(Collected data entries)
::::

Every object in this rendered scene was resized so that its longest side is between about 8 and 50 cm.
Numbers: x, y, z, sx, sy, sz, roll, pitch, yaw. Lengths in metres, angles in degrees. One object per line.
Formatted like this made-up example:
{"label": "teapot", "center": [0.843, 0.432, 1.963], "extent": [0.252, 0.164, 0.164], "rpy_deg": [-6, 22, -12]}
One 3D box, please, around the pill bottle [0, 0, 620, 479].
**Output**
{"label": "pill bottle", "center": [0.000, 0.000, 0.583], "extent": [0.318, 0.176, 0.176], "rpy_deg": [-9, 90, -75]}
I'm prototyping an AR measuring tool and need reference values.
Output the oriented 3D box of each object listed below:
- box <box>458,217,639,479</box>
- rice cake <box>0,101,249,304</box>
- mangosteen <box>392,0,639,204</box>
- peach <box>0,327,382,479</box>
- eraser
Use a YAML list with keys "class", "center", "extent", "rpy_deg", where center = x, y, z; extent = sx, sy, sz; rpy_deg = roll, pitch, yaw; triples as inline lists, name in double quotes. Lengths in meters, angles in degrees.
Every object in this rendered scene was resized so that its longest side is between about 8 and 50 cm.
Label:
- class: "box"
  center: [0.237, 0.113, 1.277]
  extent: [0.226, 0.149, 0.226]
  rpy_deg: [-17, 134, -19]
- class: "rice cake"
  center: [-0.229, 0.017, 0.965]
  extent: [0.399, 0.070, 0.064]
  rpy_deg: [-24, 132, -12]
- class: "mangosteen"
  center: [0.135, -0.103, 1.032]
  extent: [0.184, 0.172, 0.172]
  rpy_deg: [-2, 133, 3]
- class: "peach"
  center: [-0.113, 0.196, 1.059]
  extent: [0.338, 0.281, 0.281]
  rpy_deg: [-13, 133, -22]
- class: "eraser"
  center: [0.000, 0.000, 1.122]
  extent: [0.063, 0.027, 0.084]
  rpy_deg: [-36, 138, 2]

::::

Work to be completed → Exact copies of every record above are required.

Solved exercise →
Every object in this rendered scene was resized so that its longest side is between about 8 and 50 cm.
Numbers: x, y, z, sx, sy, sz, roll, pitch, yaw. Lengths in metres, angles in degrees. One object per line.
Formatted like this made-up example:
{"label": "teapot", "center": [0.843, 0.432, 1.963], "extent": [0.252, 0.164, 0.164], "rpy_deg": [-6, 22, -12]}
One 3D box, please, around the pill bottle [0, 0, 620, 479].
**Output**
{"label": "pill bottle", "center": [0.000, 0.000, 0.583], "extent": [0.318, 0.176, 0.176], "rpy_deg": [-9, 90, -75]}
I'm prototyping an AR measuring tool and need reference values.
Output the oriented 3D box of each object listed below:
- box <box>458,217,639,479</box>
- rice cake <box>0,101,249,304</box>
- mangosteen <box>392,0,639,204</box>
- peach <box>0,327,382,479</box>
- eraser
Use a YAML list with keys "class", "center", "extent", "rpy_deg", where center = x, y, z; extent = sx, sy, sz; rpy_deg = roll, pitch, yaw; triples as inline lists, name in double quotes. Lengths in meters, angles in degrees.
Every object in this rendered scene was resized so that its longest side is between about 8 and 50 cm.
Label:
- class: "box"
  center: [0.237, 0.113, 1.277]
  extent: [0.226, 0.149, 0.226]
  rpy_deg: [-17, 134, -19]
- class: "rice cake"
  center: [-0.229, 0.017, 0.965]
  extent: [0.399, 0.070, 0.064]
  rpy_deg: [-24, 132, -12]
- class: "mangosteen"
  center: [0.135, -0.103, 1.032]
  extent: [0.184, 0.172, 0.172]
  rpy_deg: [-2, 133, 3]
- class: "peach"
  center: [-0.113, 0.196, 1.059]
  extent: [0.338, 0.281, 0.281]
  rpy_deg: [-13, 133, -22]
- class: "eraser"
  center: [0.000, 0.000, 1.122]
  extent: [0.063, 0.027, 0.084]
  rpy_deg: [-36, 138, 2]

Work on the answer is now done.